PEACE campaigners warned against a return to war in Libya yesterday after the US killed 41 people in air raids.
Pentagon spokesman Peter Cook said US F-15 jets flying from bases in Europe had bombed a suspected Islamic State (Isis) training camp near the western Libyan town of Sabratha early yesterday.
A witness in the city said he heard two explosions at 3.30am coming from the nearby village of Qasr Talel. He said a house belonging to Abdel-Hakim al-Mashawat, known locally as an Isis militant, was targeted.
The Sabratha city council put the death toll at over 40 with more wounded, some critically.
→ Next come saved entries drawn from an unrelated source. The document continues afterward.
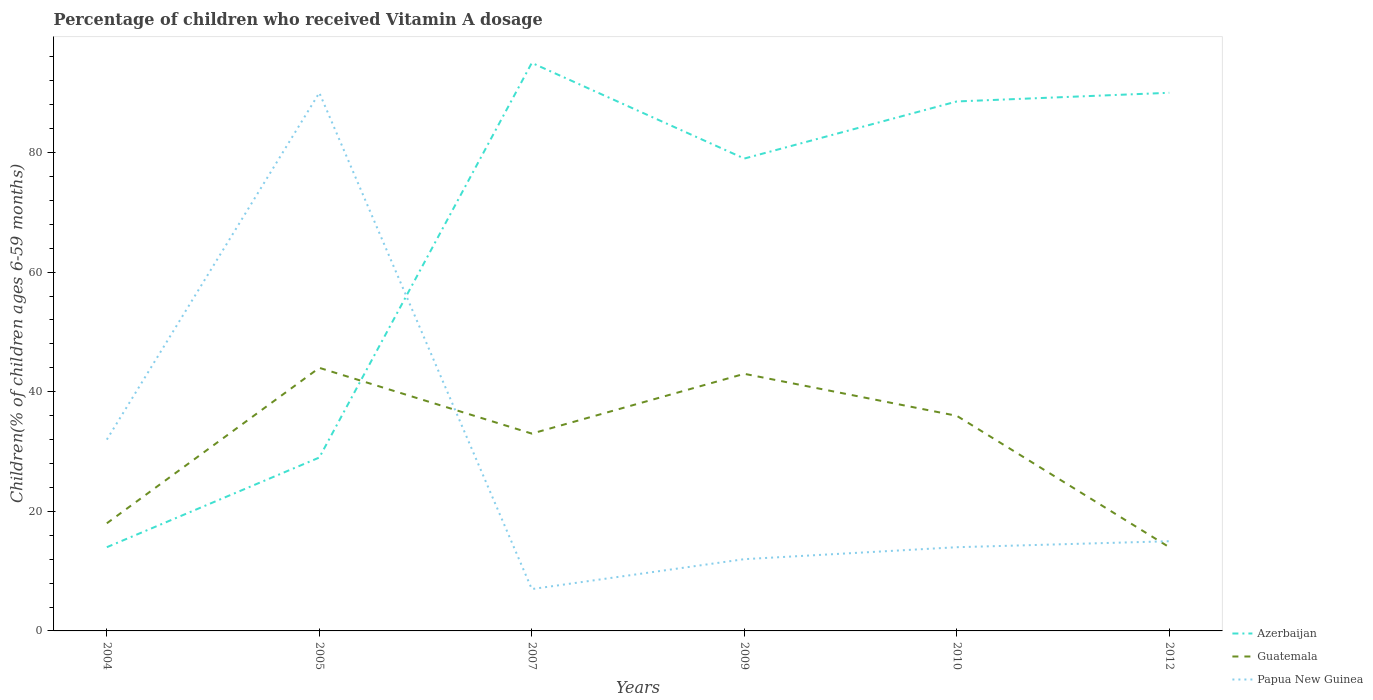How many different coloured lines are there?
Provide a succinct answer. 3. In which year was the percentage of children who received Vitamin A dosage in Guatemala maximum?
Provide a succinct answer. 2012. What is the difference between the highest and the lowest percentage of children who received Vitamin A dosage in Papua New Guinea?
Your response must be concise. 2. How many lines are there?
Provide a succinct answer. 3. What is the difference between two consecutive major ticks on the Y-axis?
Ensure brevity in your answer.  20. Does the graph contain any zero values?
Give a very brief answer. No. Where does the legend appear in the graph?
Provide a succinct answer. Bottom right. How many legend labels are there?
Provide a short and direct response. 3. What is the title of the graph?
Offer a terse response. Percentage of children who received Vitamin A dosage. What is the label or title of the X-axis?
Your answer should be compact. Years. What is the label or title of the Y-axis?
Ensure brevity in your answer.  Children(% of children ages 6-59 months). What is the Children(% of children ages 6-59 months) of Azerbaijan in 2004?
Your answer should be very brief. 14. What is the Children(% of children ages 6-59 months) of Guatemala in 2004?
Make the answer very short. 18. What is the Children(% of children ages 6-59 months) of Papua New Guinea in 2004?
Give a very brief answer. 32. What is the Children(% of children ages 6-59 months) in Papua New Guinea in 2005?
Provide a succinct answer. 90. What is the Children(% of children ages 6-59 months) in Azerbaijan in 2007?
Offer a very short reply. 95. What is the Children(% of children ages 6-59 months) in Guatemala in 2007?
Your response must be concise. 33. What is the Children(% of children ages 6-59 months) in Papua New Guinea in 2007?
Ensure brevity in your answer.  7. What is the Children(% of children ages 6-59 months) of Azerbaijan in 2009?
Keep it short and to the point. 79. What is the Children(% of children ages 6-59 months) in Papua New Guinea in 2009?
Your response must be concise. 12. What is the Children(% of children ages 6-59 months) of Azerbaijan in 2010?
Ensure brevity in your answer.  88.55. What is the Children(% of children ages 6-59 months) of Guatemala in 2010?
Keep it short and to the point. 35.98. What is the Children(% of children ages 6-59 months) in Papua New Guinea in 2010?
Your answer should be very brief. 14. What is the Children(% of children ages 6-59 months) in Guatemala in 2012?
Keep it short and to the point. 14. What is the Children(% of children ages 6-59 months) in Papua New Guinea in 2012?
Keep it short and to the point. 15. Across all years, what is the maximum Children(% of children ages 6-59 months) in Azerbaijan?
Offer a terse response. 95. Across all years, what is the minimum Children(% of children ages 6-59 months) of Guatemala?
Make the answer very short. 14. Across all years, what is the minimum Children(% of children ages 6-59 months) in Papua New Guinea?
Provide a succinct answer. 7. What is the total Children(% of children ages 6-59 months) of Azerbaijan in the graph?
Your answer should be compact. 395.55. What is the total Children(% of children ages 6-59 months) of Guatemala in the graph?
Your answer should be very brief. 187.98. What is the total Children(% of children ages 6-59 months) of Papua New Guinea in the graph?
Ensure brevity in your answer.  170. What is the difference between the Children(% of children ages 6-59 months) in Guatemala in 2004 and that in 2005?
Your answer should be very brief. -26. What is the difference between the Children(% of children ages 6-59 months) of Papua New Guinea in 2004 and that in 2005?
Keep it short and to the point. -58. What is the difference between the Children(% of children ages 6-59 months) in Azerbaijan in 2004 and that in 2007?
Make the answer very short. -81. What is the difference between the Children(% of children ages 6-59 months) in Guatemala in 2004 and that in 2007?
Keep it short and to the point. -15. What is the difference between the Children(% of children ages 6-59 months) of Papua New Guinea in 2004 and that in 2007?
Provide a succinct answer. 25. What is the difference between the Children(% of children ages 6-59 months) in Azerbaijan in 2004 and that in 2009?
Offer a very short reply. -65. What is the difference between the Children(% of children ages 6-59 months) in Guatemala in 2004 and that in 2009?
Provide a succinct answer. -25. What is the difference between the Children(% of children ages 6-59 months) in Azerbaijan in 2004 and that in 2010?
Keep it short and to the point. -74.55. What is the difference between the Children(% of children ages 6-59 months) of Guatemala in 2004 and that in 2010?
Your answer should be compact. -17.98. What is the difference between the Children(% of children ages 6-59 months) in Papua New Guinea in 2004 and that in 2010?
Your response must be concise. 18. What is the difference between the Children(% of children ages 6-59 months) of Azerbaijan in 2004 and that in 2012?
Your answer should be compact. -76. What is the difference between the Children(% of children ages 6-59 months) of Papua New Guinea in 2004 and that in 2012?
Provide a succinct answer. 17. What is the difference between the Children(% of children ages 6-59 months) in Azerbaijan in 2005 and that in 2007?
Provide a short and direct response. -66. What is the difference between the Children(% of children ages 6-59 months) in Papua New Guinea in 2005 and that in 2007?
Provide a succinct answer. 83. What is the difference between the Children(% of children ages 6-59 months) in Azerbaijan in 2005 and that in 2009?
Your response must be concise. -50. What is the difference between the Children(% of children ages 6-59 months) in Guatemala in 2005 and that in 2009?
Make the answer very short. 1. What is the difference between the Children(% of children ages 6-59 months) in Azerbaijan in 2005 and that in 2010?
Ensure brevity in your answer.  -59.55. What is the difference between the Children(% of children ages 6-59 months) in Guatemala in 2005 and that in 2010?
Ensure brevity in your answer.  8.02. What is the difference between the Children(% of children ages 6-59 months) of Papua New Guinea in 2005 and that in 2010?
Keep it short and to the point. 76. What is the difference between the Children(% of children ages 6-59 months) of Azerbaijan in 2005 and that in 2012?
Your answer should be very brief. -61. What is the difference between the Children(% of children ages 6-59 months) in Papua New Guinea in 2005 and that in 2012?
Your answer should be very brief. 75. What is the difference between the Children(% of children ages 6-59 months) of Azerbaijan in 2007 and that in 2009?
Make the answer very short. 16. What is the difference between the Children(% of children ages 6-59 months) of Papua New Guinea in 2007 and that in 2009?
Ensure brevity in your answer.  -5. What is the difference between the Children(% of children ages 6-59 months) in Azerbaijan in 2007 and that in 2010?
Your answer should be very brief. 6.45. What is the difference between the Children(% of children ages 6-59 months) in Guatemala in 2007 and that in 2010?
Your answer should be compact. -2.98. What is the difference between the Children(% of children ages 6-59 months) in Papua New Guinea in 2007 and that in 2010?
Your answer should be very brief. -7. What is the difference between the Children(% of children ages 6-59 months) in Azerbaijan in 2007 and that in 2012?
Make the answer very short. 5. What is the difference between the Children(% of children ages 6-59 months) of Guatemala in 2007 and that in 2012?
Your response must be concise. 19. What is the difference between the Children(% of children ages 6-59 months) in Papua New Guinea in 2007 and that in 2012?
Offer a very short reply. -8. What is the difference between the Children(% of children ages 6-59 months) of Azerbaijan in 2009 and that in 2010?
Provide a succinct answer. -9.55. What is the difference between the Children(% of children ages 6-59 months) in Guatemala in 2009 and that in 2010?
Make the answer very short. 7.02. What is the difference between the Children(% of children ages 6-59 months) in Papua New Guinea in 2009 and that in 2010?
Keep it short and to the point. -2. What is the difference between the Children(% of children ages 6-59 months) in Azerbaijan in 2010 and that in 2012?
Keep it short and to the point. -1.45. What is the difference between the Children(% of children ages 6-59 months) of Guatemala in 2010 and that in 2012?
Your response must be concise. 21.98. What is the difference between the Children(% of children ages 6-59 months) of Azerbaijan in 2004 and the Children(% of children ages 6-59 months) of Papua New Guinea in 2005?
Offer a terse response. -76. What is the difference between the Children(% of children ages 6-59 months) in Guatemala in 2004 and the Children(% of children ages 6-59 months) in Papua New Guinea in 2005?
Your response must be concise. -72. What is the difference between the Children(% of children ages 6-59 months) of Azerbaijan in 2004 and the Children(% of children ages 6-59 months) of Guatemala in 2007?
Offer a very short reply. -19. What is the difference between the Children(% of children ages 6-59 months) of Guatemala in 2004 and the Children(% of children ages 6-59 months) of Papua New Guinea in 2007?
Your response must be concise. 11. What is the difference between the Children(% of children ages 6-59 months) in Azerbaijan in 2004 and the Children(% of children ages 6-59 months) in Guatemala in 2009?
Provide a succinct answer. -29. What is the difference between the Children(% of children ages 6-59 months) in Azerbaijan in 2004 and the Children(% of children ages 6-59 months) in Guatemala in 2010?
Offer a terse response. -21.98. What is the difference between the Children(% of children ages 6-59 months) of Guatemala in 2004 and the Children(% of children ages 6-59 months) of Papua New Guinea in 2010?
Offer a very short reply. 4. What is the difference between the Children(% of children ages 6-59 months) of Azerbaijan in 2004 and the Children(% of children ages 6-59 months) of Guatemala in 2012?
Give a very brief answer. 0. What is the difference between the Children(% of children ages 6-59 months) in Azerbaijan in 2005 and the Children(% of children ages 6-59 months) in Guatemala in 2007?
Your answer should be compact. -4. What is the difference between the Children(% of children ages 6-59 months) of Azerbaijan in 2005 and the Children(% of children ages 6-59 months) of Papua New Guinea in 2007?
Your answer should be compact. 22. What is the difference between the Children(% of children ages 6-59 months) of Azerbaijan in 2005 and the Children(% of children ages 6-59 months) of Guatemala in 2009?
Offer a very short reply. -14. What is the difference between the Children(% of children ages 6-59 months) in Azerbaijan in 2005 and the Children(% of children ages 6-59 months) in Papua New Guinea in 2009?
Give a very brief answer. 17. What is the difference between the Children(% of children ages 6-59 months) of Azerbaijan in 2005 and the Children(% of children ages 6-59 months) of Guatemala in 2010?
Make the answer very short. -6.98. What is the difference between the Children(% of children ages 6-59 months) of Azerbaijan in 2005 and the Children(% of children ages 6-59 months) of Guatemala in 2012?
Provide a short and direct response. 15. What is the difference between the Children(% of children ages 6-59 months) in Azerbaijan in 2005 and the Children(% of children ages 6-59 months) in Papua New Guinea in 2012?
Provide a succinct answer. 14. What is the difference between the Children(% of children ages 6-59 months) of Guatemala in 2005 and the Children(% of children ages 6-59 months) of Papua New Guinea in 2012?
Give a very brief answer. 29. What is the difference between the Children(% of children ages 6-59 months) of Azerbaijan in 2007 and the Children(% of children ages 6-59 months) of Papua New Guinea in 2009?
Keep it short and to the point. 83. What is the difference between the Children(% of children ages 6-59 months) in Azerbaijan in 2007 and the Children(% of children ages 6-59 months) in Guatemala in 2010?
Offer a very short reply. 59.02. What is the difference between the Children(% of children ages 6-59 months) in Azerbaijan in 2007 and the Children(% of children ages 6-59 months) in Papua New Guinea in 2010?
Provide a short and direct response. 81. What is the difference between the Children(% of children ages 6-59 months) of Azerbaijan in 2007 and the Children(% of children ages 6-59 months) of Guatemala in 2012?
Make the answer very short. 81. What is the difference between the Children(% of children ages 6-59 months) in Azerbaijan in 2007 and the Children(% of children ages 6-59 months) in Papua New Guinea in 2012?
Ensure brevity in your answer.  80. What is the difference between the Children(% of children ages 6-59 months) in Guatemala in 2007 and the Children(% of children ages 6-59 months) in Papua New Guinea in 2012?
Offer a very short reply. 18. What is the difference between the Children(% of children ages 6-59 months) in Azerbaijan in 2009 and the Children(% of children ages 6-59 months) in Guatemala in 2010?
Your answer should be very brief. 43.02. What is the difference between the Children(% of children ages 6-59 months) in Azerbaijan in 2009 and the Children(% of children ages 6-59 months) in Papua New Guinea in 2010?
Offer a very short reply. 65. What is the difference between the Children(% of children ages 6-59 months) in Azerbaijan in 2009 and the Children(% of children ages 6-59 months) in Guatemala in 2012?
Keep it short and to the point. 65. What is the difference between the Children(% of children ages 6-59 months) in Azerbaijan in 2009 and the Children(% of children ages 6-59 months) in Papua New Guinea in 2012?
Keep it short and to the point. 64. What is the difference between the Children(% of children ages 6-59 months) in Guatemala in 2009 and the Children(% of children ages 6-59 months) in Papua New Guinea in 2012?
Give a very brief answer. 28. What is the difference between the Children(% of children ages 6-59 months) in Azerbaijan in 2010 and the Children(% of children ages 6-59 months) in Guatemala in 2012?
Your answer should be compact. 74.55. What is the difference between the Children(% of children ages 6-59 months) in Azerbaijan in 2010 and the Children(% of children ages 6-59 months) in Papua New Guinea in 2012?
Ensure brevity in your answer.  73.55. What is the difference between the Children(% of children ages 6-59 months) of Guatemala in 2010 and the Children(% of children ages 6-59 months) of Papua New Guinea in 2012?
Make the answer very short. 20.98. What is the average Children(% of children ages 6-59 months) of Azerbaijan per year?
Keep it short and to the point. 65.92. What is the average Children(% of children ages 6-59 months) of Guatemala per year?
Ensure brevity in your answer.  31.33. What is the average Children(% of children ages 6-59 months) in Papua New Guinea per year?
Keep it short and to the point. 28.33. In the year 2004, what is the difference between the Children(% of children ages 6-59 months) in Azerbaijan and Children(% of children ages 6-59 months) in Guatemala?
Offer a very short reply. -4. In the year 2004, what is the difference between the Children(% of children ages 6-59 months) in Azerbaijan and Children(% of children ages 6-59 months) in Papua New Guinea?
Provide a succinct answer. -18. In the year 2004, what is the difference between the Children(% of children ages 6-59 months) in Guatemala and Children(% of children ages 6-59 months) in Papua New Guinea?
Provide a succinct answer. -14. In the year 2005, what is the difference between the Children(% of children ages 6-59 months) in Azerbaijan and Children(% of children ages 6-59 months) in Guatemala?
Offer a terse response. -15. In the year 2005, what is the difference between the Children(% of children ages 6-59 months) of Azerbaijan and Children(% of children ages 6-59 months) of Papua New Guinea?
Offer a terse response. -61. In the year 2005, what is the difference between the Children(% of children ages 6-59 months) of Guatemala and Children(% of children ages 6-59 months) of Papua New Guinea?
Your answer should be compact. -46. In the year 2007, what is the difference between the Children(% of children ages 6-59 months) of Azerbaijan and Children(% of children ages 6-59 months) of Papua New Guinea?
Offer a very short reply. 88. In the year 2009, what is the difference between the Children(% of children ages 6-59 months) of Azerbaijan and Children(% of children ages 6-59 months) of Guatemala?
Give a very brief answer. 36. In the year 2010, what is the difference between the Children(% of children ages 6-59 months) in Azerbaijan and Children(% of children ages 6-59 months) in Guatemala?
Give a very brief answer. 52.57. In the year 2010, what is the difference between the Children(% of children ages 6-59 months) in Azerbaijan and Children(% of children ages 6-59 months) in Papua New Guinea?
Ensure brevity in your answer.  74.55. In the year 2010, what is the difference between the Children(% of children ages 6-59 months) of Guatemala and Children(% of children ages 6-59 months) of Papua New Guinea?
Your response must be concise. 21.98. In the year 2012, what is the difference between the Children(% of children ages 6-59 months) of Azerbaijan and Children(% of children ages 6-59 months) of Guatemala?
Your answer should be compact. 76. In the year 2012, what is the difference between the Children(% of children ages 6-59 months) of Azerbaijan and Children(% of children ages 6-59 months) of Papua New Guinea?
Your answer should be very brief. 75. What is the ratio of the Children(% of children ages 6-59 months) of Azerbaijan in 2004 to that in 2005?
Your response must be concise. 0.48. What is the ratio of the Children(% of children ages 6-59 months) in Guatemala in 2004 to that in 2005?
Your answer should be compact. 0.41. What is the ratio of the Children(% of children ages 6-59 months) in Papua New Guinea in 2004 to that in 2005?
Provide a short and direct response. 0.36. What is the ratio of the Children(% of children ages 6-59 months) in Azerbaijan in 2004 to that in 2007?
Provide a succinct answer. 0.15. What is the ratio of the Children(% of children ages 6-59 months) of Guatemala in 2004 to that in 2007?
Offer a terse response. 0.55. What is the ratio of the Children(% of children ages 6-59 months) of Papua New Guinea in 2004 to that in 2007?
Your answer should be very brief. 4.57. What is the ratio of the Children(% of children ages 6-59 months) of Azerbaijan in 2004 to that in 2009?
Make the answer very short. 0.18. What is the ratio of the Children(% of children ages 6-59 months) in Guatemala in 2004 to that in 2009?
Offer a terse response. 0.42. What is the ratio of the Children(% of children ages 6-59 months) in Papua New Guinea in 2004 to that in 2009?
Provide a succinct answer. 2.67. What is the ratio of the Children(% of children ages 6-59 months) in Azerbaijan in 2004 to that in 2010?
Provide a short and direct response. 0.16. What is the ratio of the Children(% of children ages 6-59 months) of Guatemala in 2004 to that in 2010?
Provide a short and direct response. 0.5. What is the ratio of the Children(% of children ages 6-59 months) of Papua New Guinea in 2004 to that in 2010?
Give a very brief answer. 2.29. What is the ratio of the Children(% of children ages 6-59 months) in Azerbaijan in 2004 to that in 2012?
Your answer should be compact. 0.16. What is the ratio of the Children(% of children ages 6-59 months) in Guatemala in 2004 to that in 2012?
Offer a terse response. 1.29. What is the ratio of the Children(% of children ages 6-59 months) in Papua New Guinea in 2004 to that in 2012?
Offer a terse response. 2.13. What is the ratio of the Children(% of children ages 6-59 months) in Azerbaijan in 2005 to that in 2007?
Offer a terse response. 0.31. What is the ratio of the Children(% of children ages 6-59 months) in Guatemala in 2005 to that in 2007?
Offer a terse response. 1.33. What is the ratio of the Children(% of children ages 6-59 months) of Papua New Guinea in 2005 to that in 2007?
Keep it short and to the point. 12.86. What is the ratio of the Children(% of children ages 6-59 months) in Azerbaijan in 2005 to that in 2009?
Your response must be concise. 0.37. What is the ratio of the Children(% of children ages 6-59 months) in Guatemala in 2005 to that in 2009?
Your answer should be very brief. 1.02. What is the ratio of the Children(% of children ages 6-59 months) of Azerbaijan in 2005 to that in 2010?
Provide a succinct answer. 0.33. What is the ratio of the Children(% of children ages 6-59 months) of Guatemala in 2005 to that in 2010?
Your answer should be very brief. 1.22. What is the ratio of the Children(% of children ages 6-59 months) of Papua New Guinea in 2005 to that in 2010?
Ensure brevity in your answer.  6.43. What is the ratio of the Children(% of children ages 6-59 months) in Azerbaijan in 2005 to that in 2012?
Your response must be concise. 0.32. What is the ratio of the Children(% of children ages 6-59 months) of Guatemala in 2005 to that in 2012?
Keep it short and to the point. 3.14. What is the ratio of the Children(% of children ages 6-59 months) of Azerbaijan in 2007 to that in 2009?
Your answer should be compact. 1.2. What is the ratio of the Children(% of children ages 6-59 months) of Guatemala in 2007 to that in 2009?
Your answer should be compact. 0.77. What is the ratio of the Children(% of children ages 6-59 months) in Papua New Guinea in 2007 to that in 2009?
Provide a succinct answer. 0.58. What is the ratio of the Children(% of children ages 6-59 months) in Azerbaijan in 2007 to that in 2010?
Your response must be concise. 1.07. What is the ratio of the Children(% of children ages 6-59 months) in Guatemala in 2007 to that in 2010?
Provide a succinct answer. 0.92. What is the ratio of the Children(% of children ages 6-59 months) of Azerbaijan in 2007 to that in 2012?
Make the answer very short. 1.06. What is the ratio of the Children(% of children ages 6-59 months) of Guatemala in 2007 to that in 2012?
Your answer should be very brief. 2.36. What is the ratio of the Children(% of children ages 6-59 months) of Papua New Guinea in 2007 to that in 2012?
Your response must be concise. 0.47. What is the ratio of the Children(% of children ages 6-59 months) in Azerbaijan in 2009 to that in 2010?
Make the answer very short. 0.89. What is the ratio of the Children(% of children ages 6-59 months) of Guatemala in 2009 to that in 2010?
Your answer should be very brief. 1.2. What is the ratio of the Children(% of children ages 6-59 months) in Papua New Guinea in 2009 to that in 2010?
Offer a very short reply. 0.86. What is the ratio of the Children(% of children ages 6-59 months) in Azerbaijan in 2009 to that in 2012?
Give a very brief answer. 0.88. What is the ratio of the Children(% of children ages 6-59 months) of Guatemala in 2009 to that in 2012?
Provide a short and direct response. 3.07. What is the ratio of the Children(% of children ages 6-59 months) in Azerbaijan in 2010 to that in 2012?
Your answer should be compact. 0.98. What is the ratio of the Children(% of children ages 6-59 months) of Guatemala in 2010 to that in 2012?
Ensure brevity in your answer.  2.57. What is the difference between the highest and the second highest Children(% of children ages 6-59 months) of Azerbaijan?
Keep it short and to the point. 5. What is the difference between the highest and the second highest Children(% of children ages 6-59 months) of Guatemala?
Offer a very short reply. 1. What is the difference between the highest and the second highest Children(% of children ages 6-59 months) in Papua New Guinea?
Offer a very short reply. 58. What is the difference between the highest and the lowest Children(% of children ages 6-59 months) in Azerbaijan?
Offer a terse response. 81.

“There are torn body parts buried under the rubble,” it said in a posting, adding that not all the victims were Libyans.
Mr Cook confirmed that one of those targeted was Noureddine Chouchane, a Tunisian national, and “an Isis senior facilitator in Libya associated with the training camp.”
He said Tunisian officials suspected Mr Chouchane of taking part in the March 18 2015 shooting massacre at the Bardo National Museum in Tunis that left 24 people, mostly tourists, dead.
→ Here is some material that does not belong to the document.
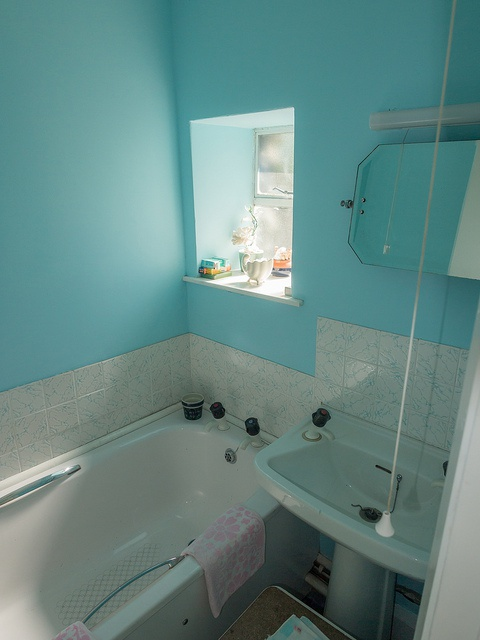Describe the objects in this image and their specific colors. I can see sink in teal and black tones, vase in teal, ivory, beige, darkgray, and lightgray tones, and cup in teal, black, gray, and darkgreen tones in this image. 
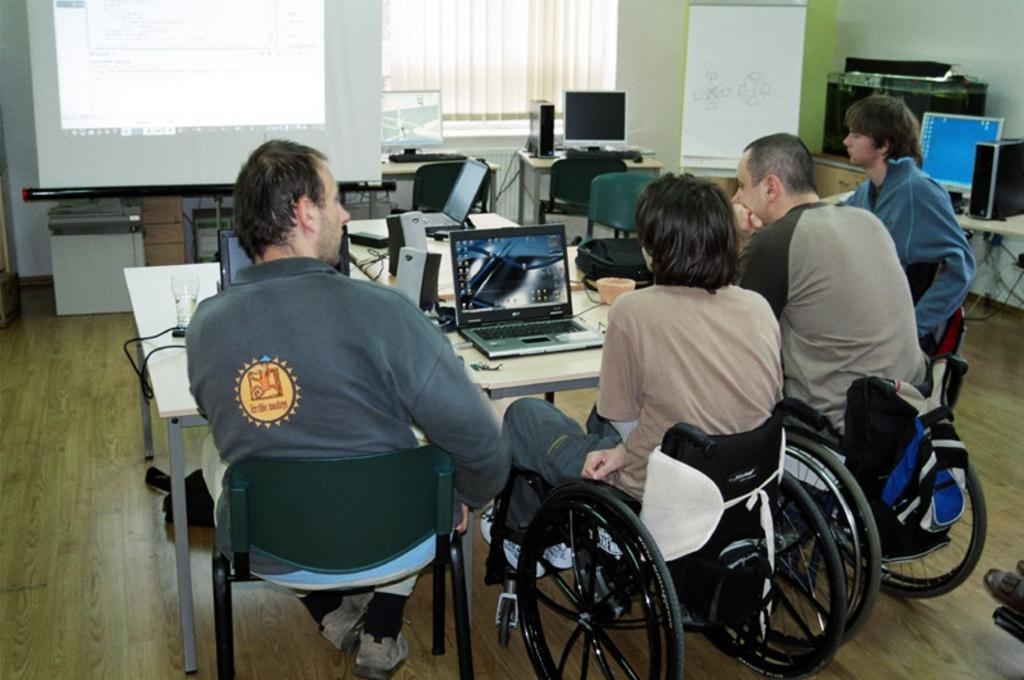How would you summarize this image in a sentence or two? In this image I can see four men in the front. I can see the middle two are sitting on wheelchairs and the rest two are sitting on chairs. In the background I can see few tables, a white colour board, a projector's screen and on these tables I can see few monitors, CPUs, laptops and few other electronic devices.

Earlier yesterday, anonymous US government sources had told the New York Times that Mr Chouchane was believed — but not confirmed — to have been killed.
In recent weeks Washington has sought support from Nato and other Arab nations for a new military intervention in the country, which has been prey to Islamist militants since Nato overthrew its government in 2011.
British, French, Italian and US special forces are operating in the country and the US bombed suspected targets in November.
But US Defence Secretary Ashton Carter said last week that Washington would “keep open the option to do things unilaterally.”
British Peace Assembly (BPA) co-ordinator Liz Payne condemned the bombing.
“This represents an expansion of the militarisation of the region. The current lawlessness in Libya is a direct result of the action of the US and its allies and the vacuum created by the removal of the elected government of Libya in 2011,” she said.
Ms Payne said the BPA reiterated that the international community must act through the UN to defeat terrorism and do everything possible to bring peace to north Africa and the Middle East.
“Unilateral military actions have no place in the process and Britain must do nothing to aid or abet them.”
Stop the War Coalition spokesman Chris Nineham called for an immediate end to attacks on Libya.
“The last assault on Libya in 2011 left 40,000 dead and a failed state which fast became a haven for terrorists,” he added.
And anti-nuclear arms campaigners CND chair Kate Hudson said: “Repeating the same failed policy and expecting a different outcome is sheer folly and the US’s current action in Libya is to be deplored.”
Libya, once the most prosperous nation in Africa, has descended into chaos since Gadaffi was overthrown by Nato-backed rebels.
Since then Libya has been divided between the Western-backed government Council of Deputies in the eastern city of Tobruk and the New General National Congress in the capital Tripoli.
Negotiations in Tunisia towards a unity government have repeatedly stalled.